Disulfide bonds are a critically important determinant of the shape and, thus, the activity of some biomedically important proteins. The common bleeding disorder, von Willebrand Disease, appears to be related to a defect in the disulfide bonding pattern among 18 cysteines (including two pairs of adjacent cysteines) of a particular protein (VWF) that disrupts the normal blood clotting cascade. Very little is known about the cysteine status of the von Willebrand protein (VWF), and such knowledge will help explain the cause of this disorder at the molecular level; however, VWF is resistant to the conventional proteolytic approach to disulfide mapping. Knowledge of the disulfide bonding pattern in the receptor- binding proteins for TGF-beta will help provide an important 'template' for the development of drugs (antagonists) for treatment of fibrotic disorders ,e.g., Duchennes muscular dystrophy; similarly, the development of other drugs (agonists) may serve as anti-cancer agents by promoting the negative proliferative response to TGF-beta. However, the highly knotted, cysteine-rich (up to 12 cysteines, 3 of which are adjacent) receptor-binding proteins for TGF-beta are resistant to conventional disulfide mapping. Developing a protocol for the disulfide mapping of VEGF homodimer will provide the basis for designing and monitoring the proper folding of related pharmaceutical proteins with angiogenic activity. Our novel approach to disulfide mapping, based on cyanylation of and cleavage at cysteine residues, offers new hope for determining the disulfide bonding pattern of the biomedically important cystinyl proteins described above that are refractory to conventional methodology. Cyanylation is selective for free sulfhydryls and can be accomplished at pH 3, a condition that suppresses problems with disulfide scrambling. We have demonstrated that the cyanylation/cleavage approach is applicable to proteins containing adjacent cysteines, an attribute that recommends it for successfully attacking the difficult analytical challenges posed by the proteins described herein. An a1gorithm will be developed to assign the connectivity of cysteines in disulfide bonds given an input of amino acid sequence and mass spectra of cyanylation/cleavage products.
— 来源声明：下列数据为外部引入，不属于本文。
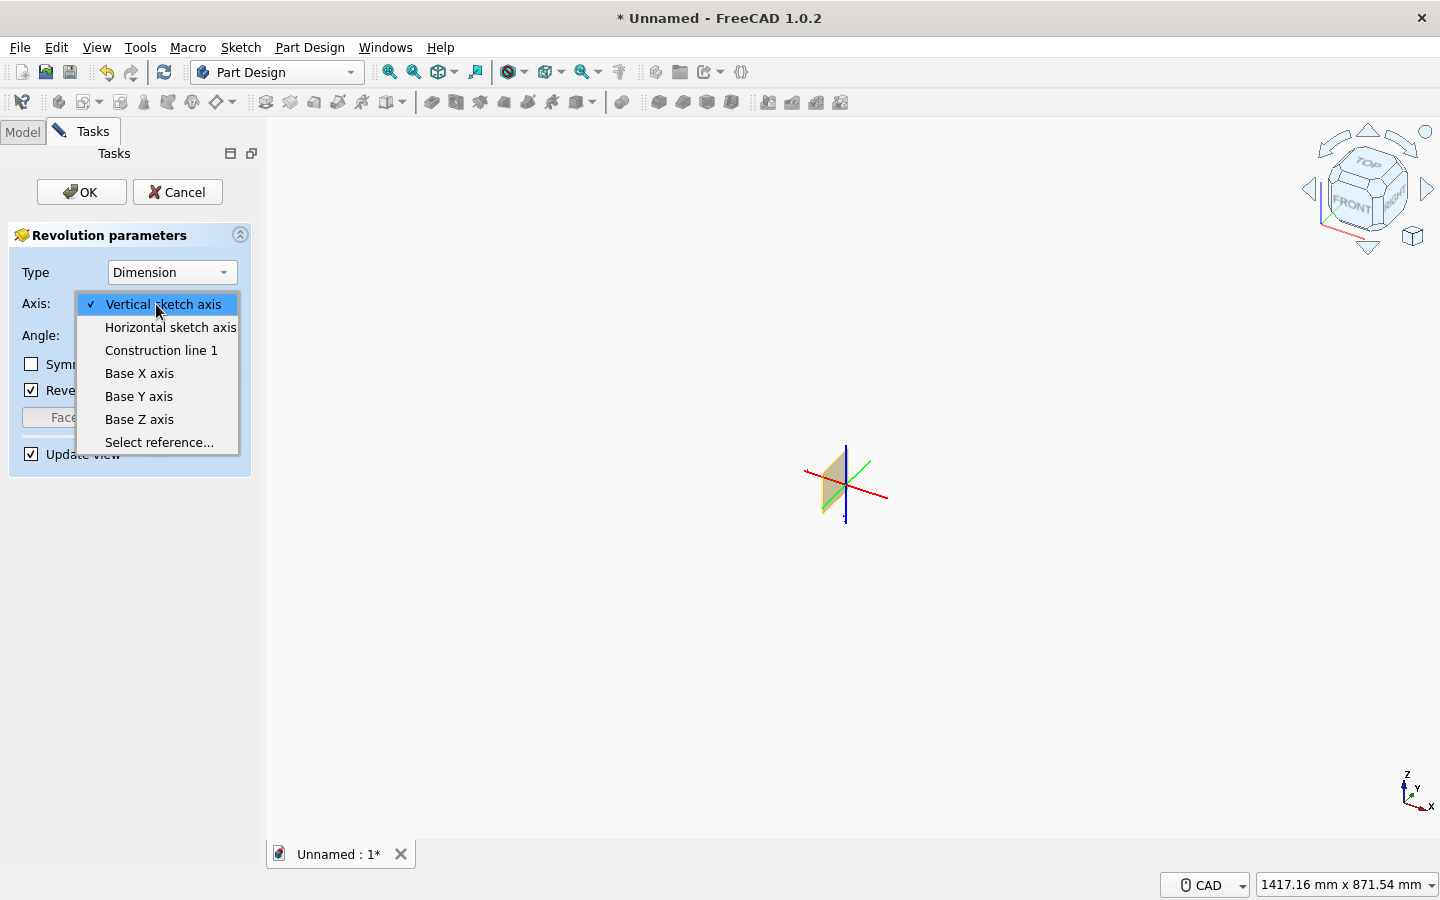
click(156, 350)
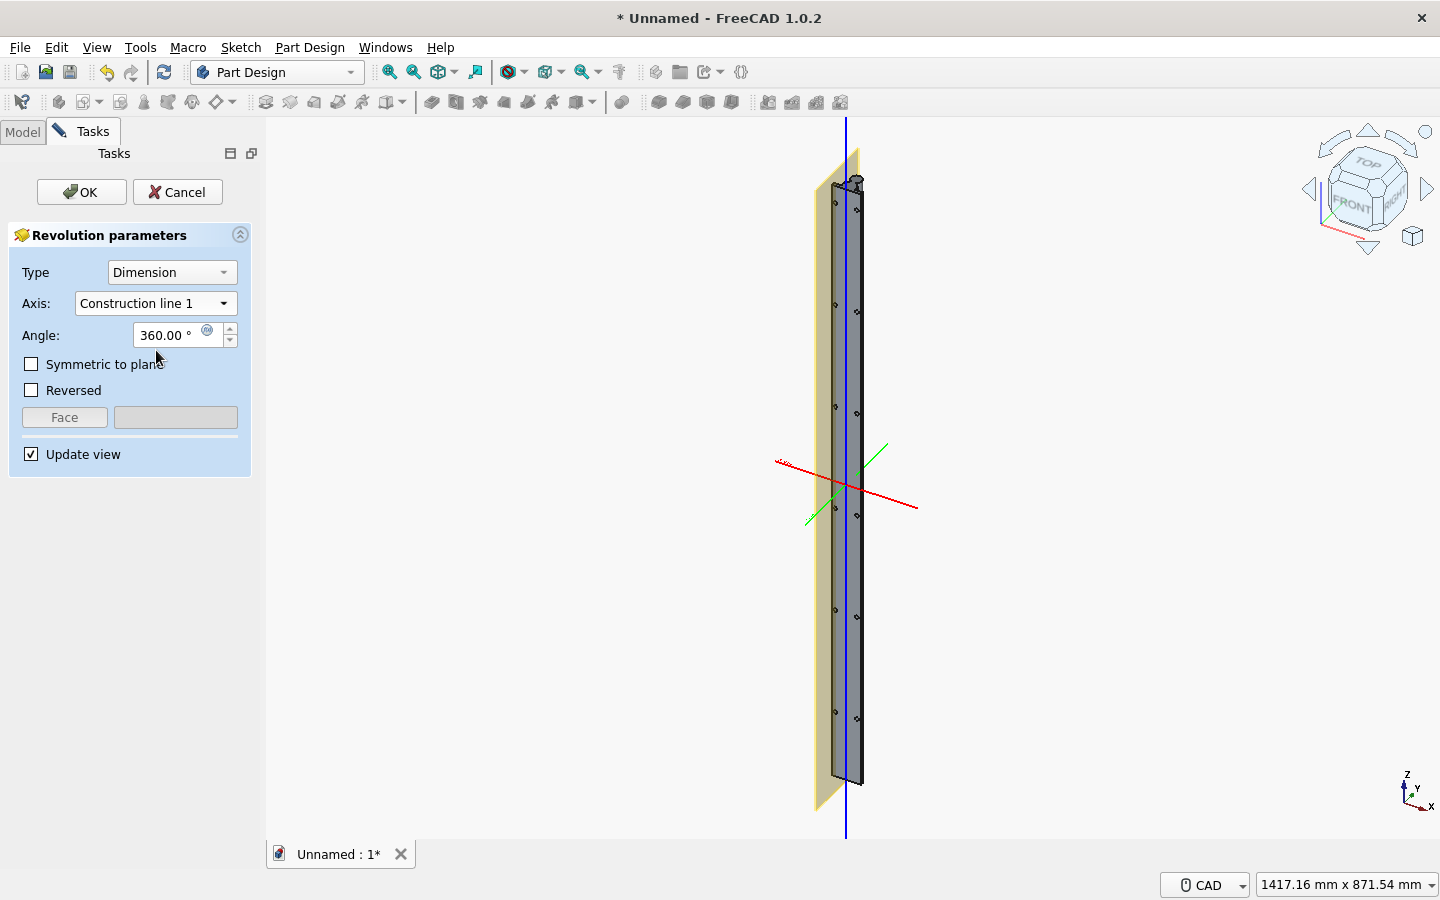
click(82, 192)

二硫键是形状的极其重要的决定因素，因此也是一些生物医学上重要的蛋白质的活性的决定因素。常见的出血性疾病冯维勒布兰德病似乎与特定蛋白质 (VWF) 的 18 个半胱氨酸（包括两对相邻半胱氨酸）之间的二硫键模式缺陷有关，该缺陷会破坏正常的凝血级联。人们对血管性血友病蛋白（VWF）的半胱氨酸状态知之甚少，这些知识将有助于在分子水平上解释这种疾病的原因；然而，VWF 对二硫键图谱的传统蛋白水解方法具有抵抗力。了解TGF-β受体结合蛋白中的二硫键模式将有助于为开发治疗纤维化疾病（例如杜氏肌营养不良症）的药物（拮抗剂）提供重要的“模板”；同样，其他药物（激动剂）的开发可以通过促进对 TGF-β 的负增殖反应来充当抗癌剂。然而，高度打结、富含半胱氨酸（最多 12 个半胱氨酸，其中 3 个相邻）的 TGF-β 受体结合蛋白对传统的二硫键图谱具有抗性。开发 VEGF 同二聚体二硫键图谱的方案将为设计和监测具有血管生成活性的相关药物蛋白的正确折叠提供基础。 我们基于半胱氨​​酸残基的氰基化和裂解的二硫键图谱新方法，为确定上述生物医学上重要的胱氨酸蛋白的二硫键模式提供了新的希望，而传统方法难以解决这些问题。氰基化对游离巯基具有选择性，并且可以在 pH 3 下完成，该条件可以抑制二硫键乱序问题。我们已经证明氰基化/裂解方法适用于含有相邻半胱氨酸的蛋白质，这一属性推荐它成功地解决本文描述的蛋白质带来的困难分析挑战。将开发一种算法来指定二硫键中半胱氨酸的连接性，输入氨基酸序列和氰基化/裂解产物的质谱。